## WHAT YOU HAVE TO DO
Transcribe exactly the lines from the one containing "list anotacioRegistreId –" through the end of the data, both included. Leave out pictures.

## RECORD EXTRACTS
++++++++++++++++++++

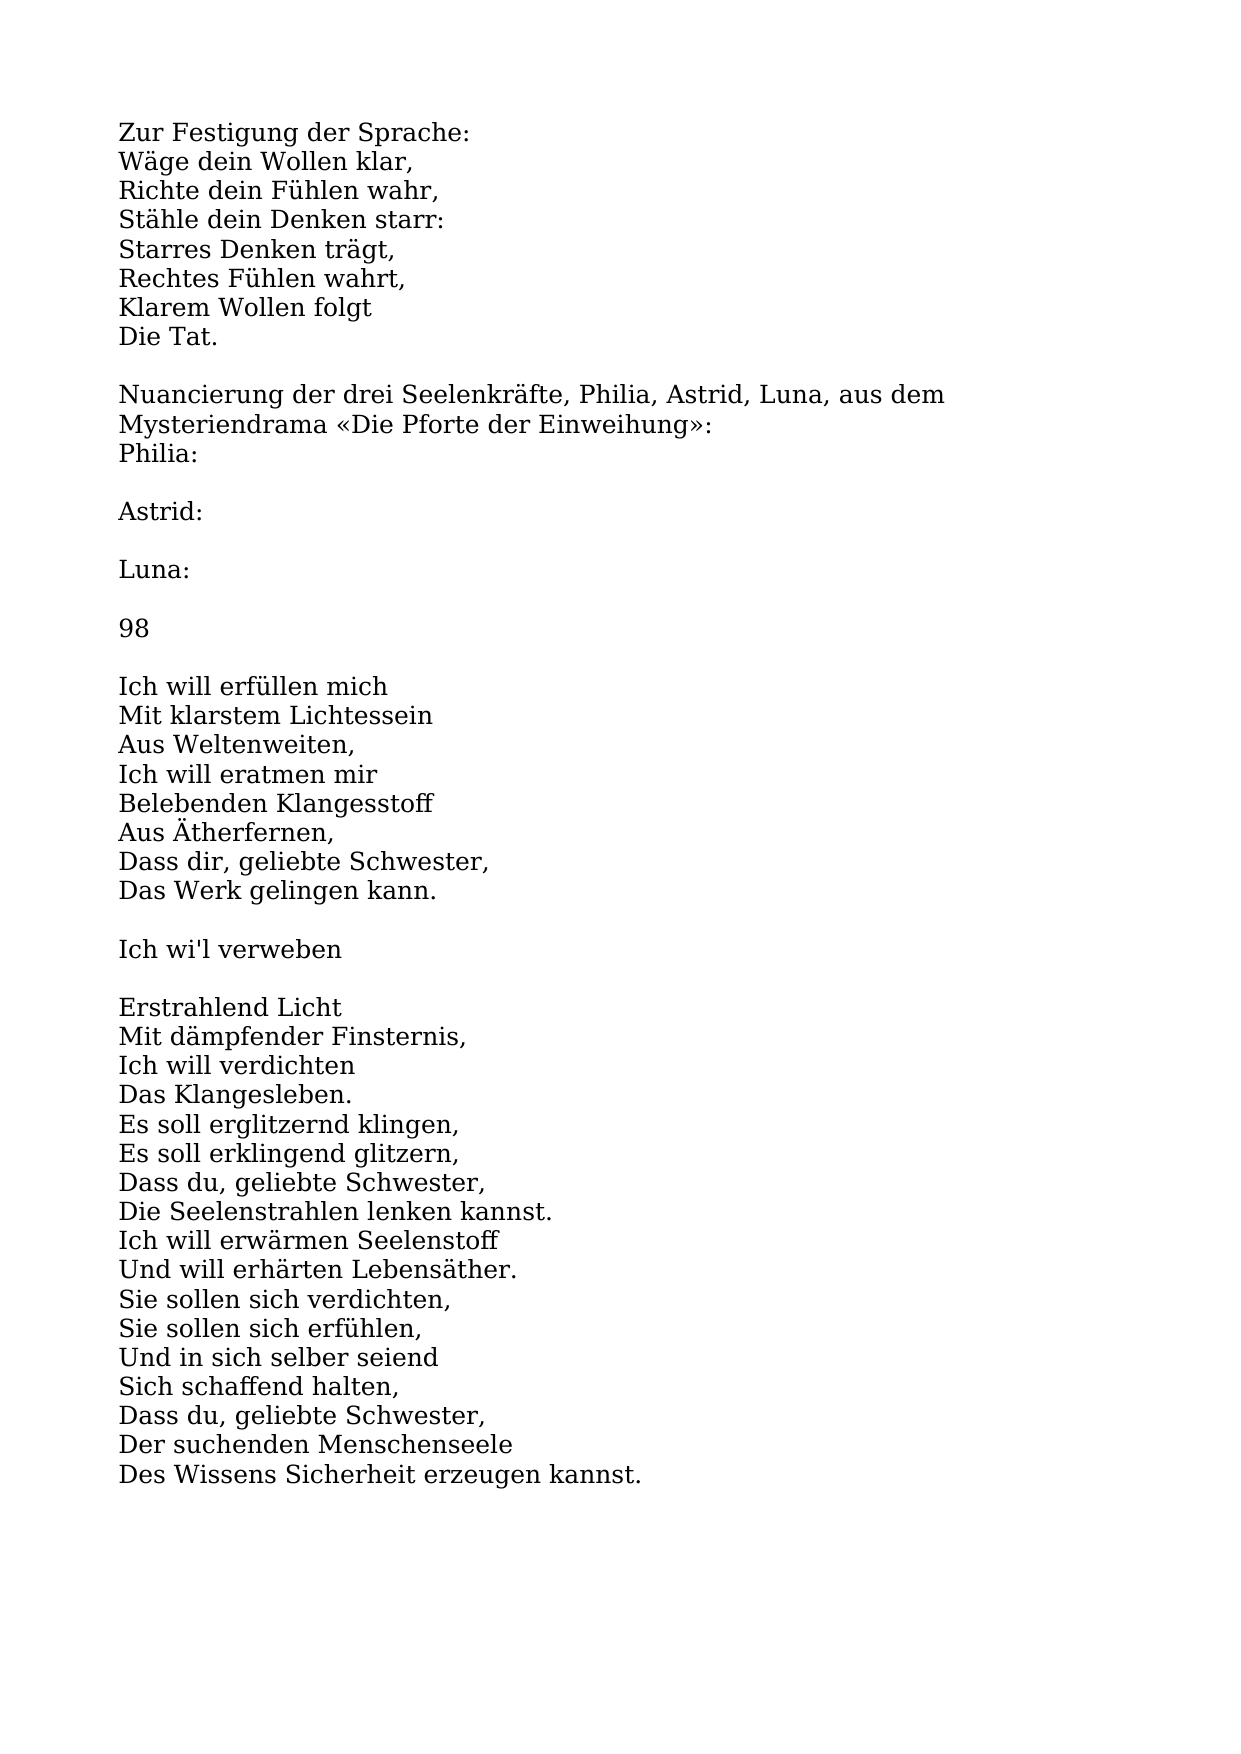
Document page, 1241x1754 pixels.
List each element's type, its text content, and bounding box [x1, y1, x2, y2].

text Rechtes Fühlen wahrt, [118, 264, 1122, 293]
text Luna: [118, 556, 1122, 585]
text Ich will erfüllen mich [118, 672, 1122, 701]
text Und will erhärten Lebensäther. [118, 1256, 1122, 1285]
text Ich wi'l verweben [118, 935, 1122, 964]
text Aus Ätherfernen, [118, 818, 1122, 847]
text Mysteriendrama «Die Pforte der Einweihung»: [118, 410, 1122, 439]
text Wäge dein Wollen klar, [118, 147, 1122, 176]
text Dass du, geliebte Schwester, [118, 1401, 1122, 1431]
text Die Tat. [118, 322, 1122, 351]
text Zur Festigung der Sprache: [118, 118, 1122, 147]
text Sie sollen sich erfühlen, [118, 1314, 1122, 1343]
text Es soll erklingend glitzern, [118, 1139, 1122, 1168]
text Das Klangesleben. [118, 1081, 1122, 1110]
text Richte dein Fühlen wahr, [118, 176, 1122, 206]
text Des Wissens Sicherheit erzeugen kannst. [118, 1460, 1122, 1489]
text Dass du, geliebte Schwester, [118, 1168, 1122, 1197]
text Die Seelenstrahlen lenken kannst. [118, 1197, 1122, 1226]
text Erstrahlend Licht [118, 993, 1122, 1022]
text Stähle dein Denken starr: [118, 206, 1122, 235]
text Aus Weltenweiten, [118, 731, 1122, 760]
text Nuancierung der drei Seelenkräfte, Philia, Astrid, Luna, aus dem [118, 381, 1122, 410]
text Philia: [118, 439, 1122, 468]
text Mit dämpfender Finsternis, [118, 1022, 1122, 1051]
text Klarem Wollen folgt [118, 293, 1122, 322]
text Und in sich selber seiend [118, 1343, 1122, 1372]
text Dass dir, geliebte Schwester, [118, 847, 1122, 876]
text Das Werk gelingen kann. [118, 876, 1122, 906]
text Der suchenden Menschenseele [118, 1431, 1122, 1460]
text Sich schaffend halten, [118, 1372, 1122, 1401]
text Ich will verdichten [118, 1051, 1122, 1081]
text Starres Denken trägt, [118, 235, 1122, 264]
text Ich will eratmen mir [118, 760, 1122, 789]
text Astrid: [118, 497, 1122, 526]
text Ich will erwärmen Seelenstoff [118, 1226, 1122, 1256]
text Belebenden Klangesstoff [118, 789, 1122, 818]
text Es soll erglitzernd klingen, [118, 1110, 1122, 1139]
text Sie sollen sich verdichten, [118, 1285, 1122, 1314]
text Mit klarstem Lichtessein [118, 701, 1122, 731]
text 98 [118, 614, 1122, 643]
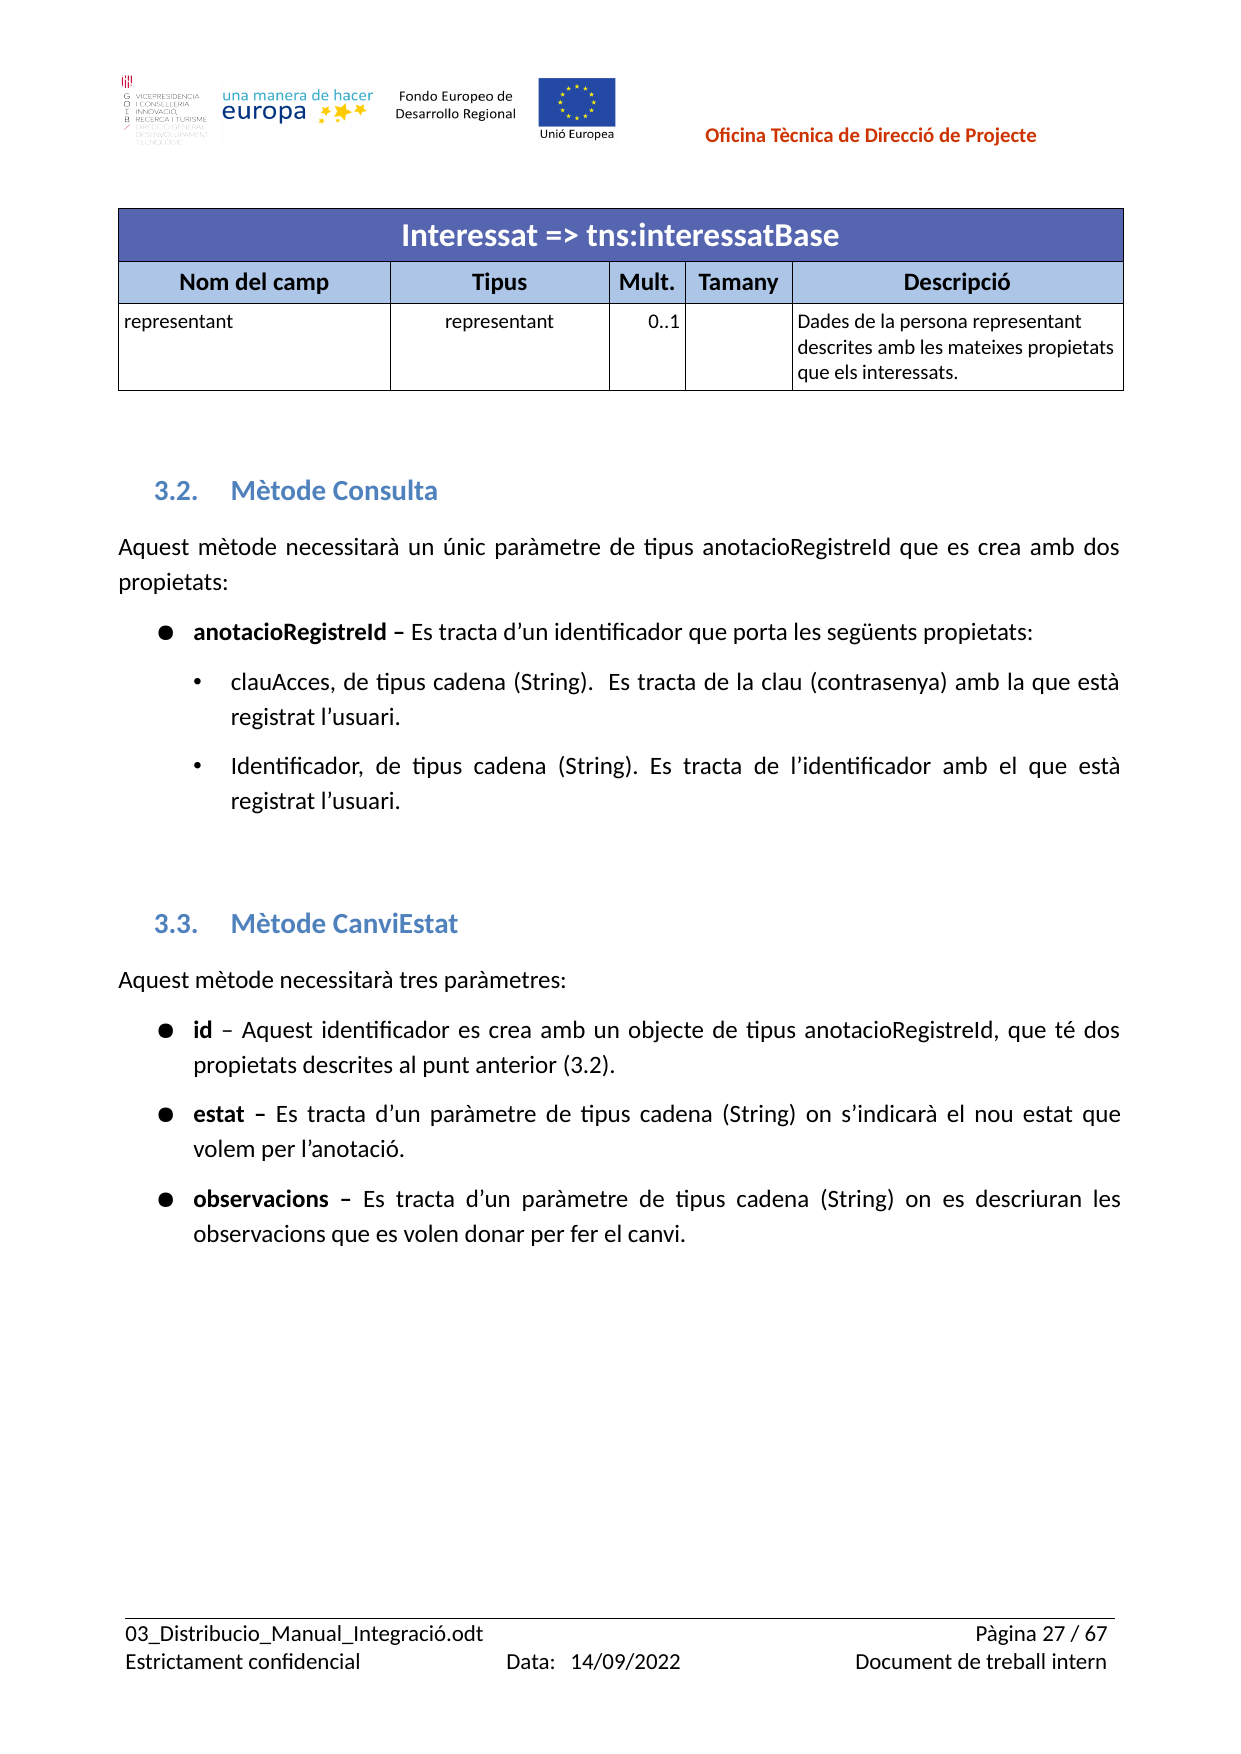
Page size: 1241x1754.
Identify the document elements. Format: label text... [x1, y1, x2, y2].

table_cell Dades de la persona representant descrites amb les mateixes propietats que els interessats. [793, 304, 1123, 390]
table_cell representant [391, 304, 609, 390]
table_header Interessat => tns:interessatBase [119, 209, 1123, 261]
table_cell Tipus [391, 262, 609, 303]
list clauAcces, de tipus cadena (String). Es tracta de la clau (contrasenya) amb la que està registrat l’usuari. [193, 666, 1122, 731]
table_cell Tamany [686, 262, 792, 303]
list id – Aquest identificador es crea amb un objecte de tipus anotacioRegistreId, que té dos propietats descrites al punt anterior (3.2). [156, 1014, 1122, 1079]
table_cell [686, 304, 792, 390]
table_cell 0..1 [610, 304, 685, 390]
list observacions – Es tracta d’un paràmetre de tipus cadena (String) on es descriuran les observacions que es volen donar per fer el canvi. [156, 1183, 1122, 1248]
text Aquest mètode necessitarà tres paràmetres: [118, 964, 1122, 995]
table_cell Mult. [610, 262, 685, 303]
picture [219, 73, 621, 147]
picture [118, 73, 213, 147]
subtitle Mètode CanviEstat [153, 905, 1122, 941]
list anotacioRegistreId – Es tracta d’un identificador que porta les següents propietats: [156, 616, 1122, 647]
subtitle Mètode Consulta [153, 472, 1122, 508]
list estat – Es tracta d’un paràmetre de tipus cadena (String) on s’indicarà el nou estat que volem per l’anotació. [156, 1098, 1122, 1164]
list Identificador, de tipus cadena (String). Es tracta de l’identificador amb el que està registrat l’usuari. [193, 750, 1122, 816]
table_cell Nom del camp [119, 262, 390, 303]
table_cell representant [119, 304, 390, 390]
text Aquest mètode necessitarà un únic paràmetre de tipus anotacioRegistreId que es crea amb dos propietats: [118, 531, 1122, 597]
table_cell Descripció [793, 262, 1123, 303]
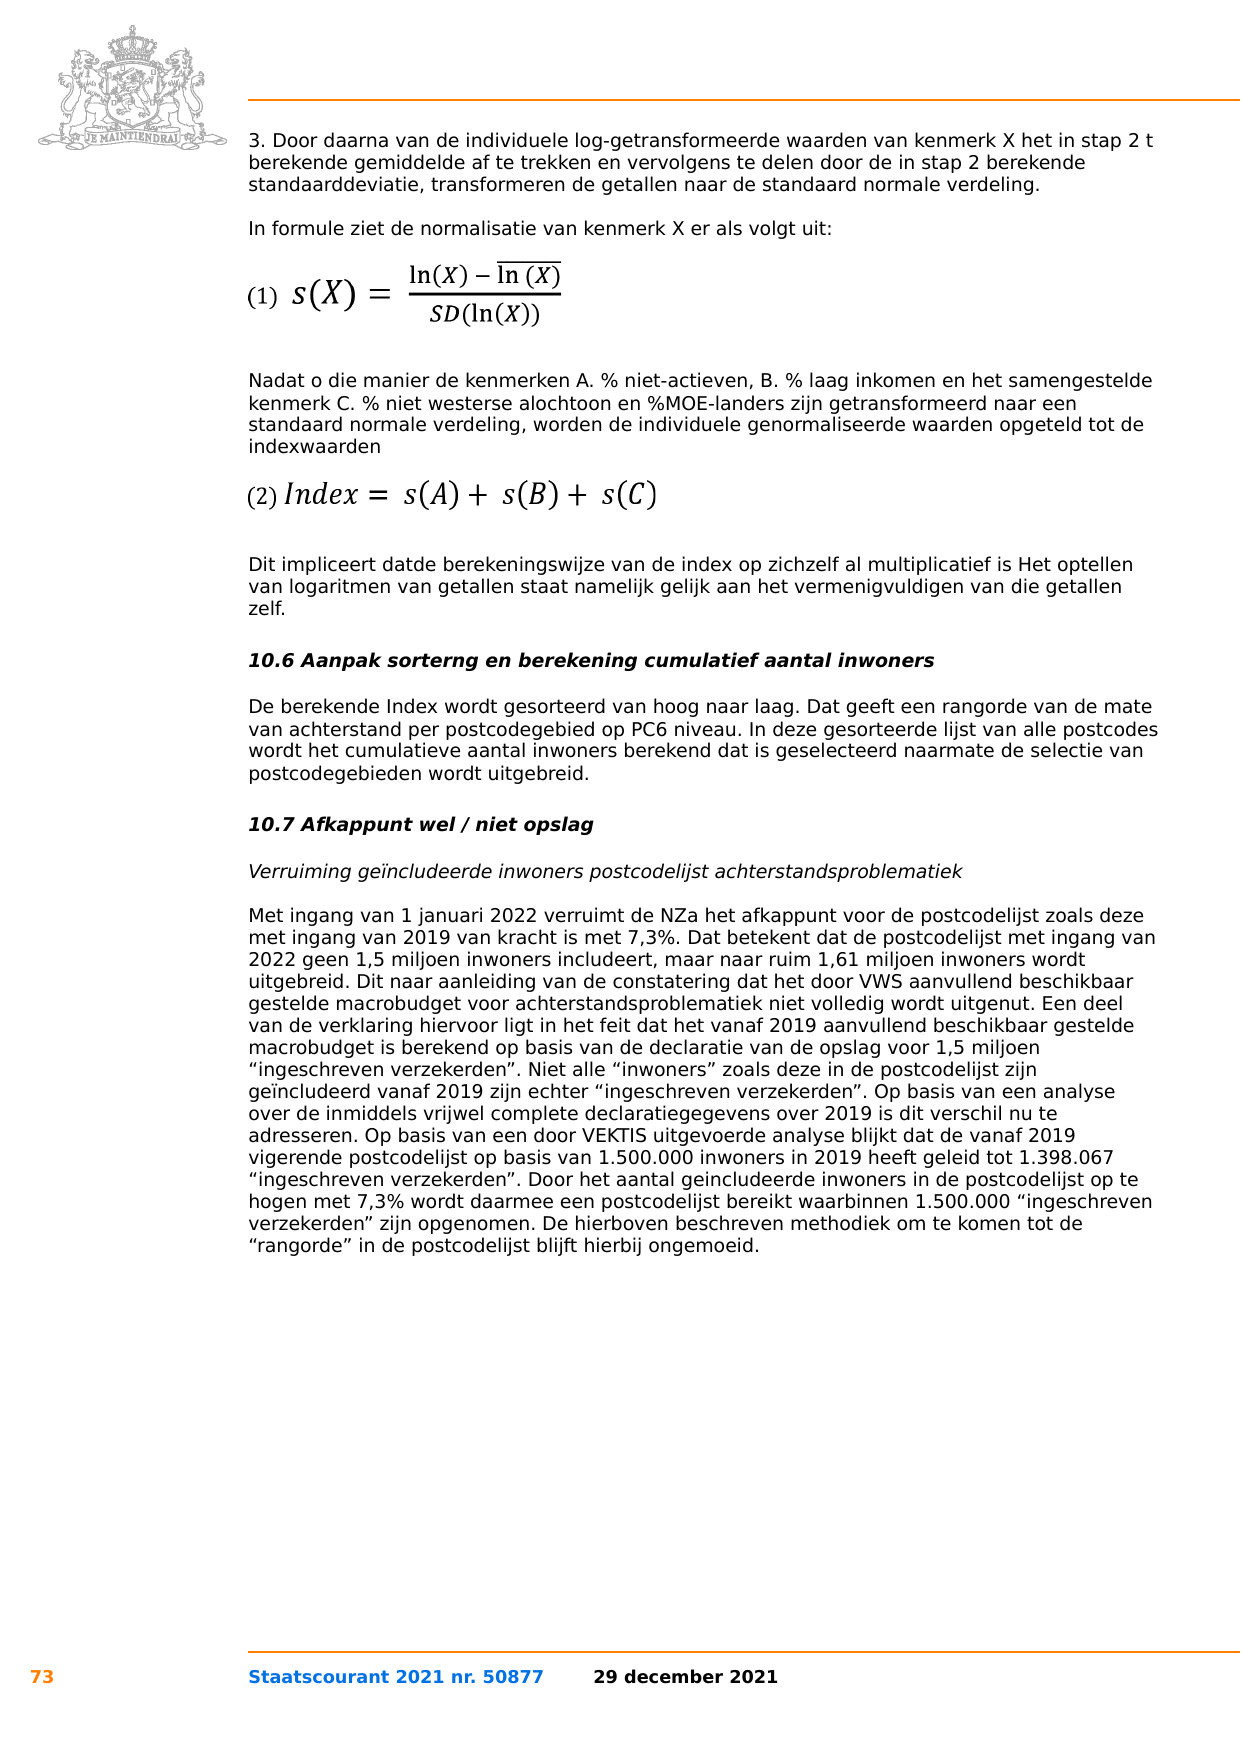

++++++++++++++++++++

## RESULT FOR THIS EXERCISE
list anotacioRegistreId – Es tracta d’un identificador que porta les següents propietats: [156, 616, 1122, 647]
subtitle Mètode Consulta [153, 472, 1122, 508]
list estat – Es tracta d’un paràmetre de tipus cadena (String) on s’indicarà el nou estat que volem per l’anotació. [156, 1098, 1122, 1164]
list Identificador, de tipus cadena (String). Es tracta de l’identificador amb el que està registrat l’usuari. [193, 750, 1122, 816]
table_cell Nom del camp [119, 262, 390, 303]
table_cell representant [119, 304, 390, 390]
text Aquest mètode necessitarà un únic paràmetre de tipus anotacioRegistreId que es crea amb dos propietats: [118, 531, 1122, 597]
table_cell Descripció [793, 262, 1123, 303]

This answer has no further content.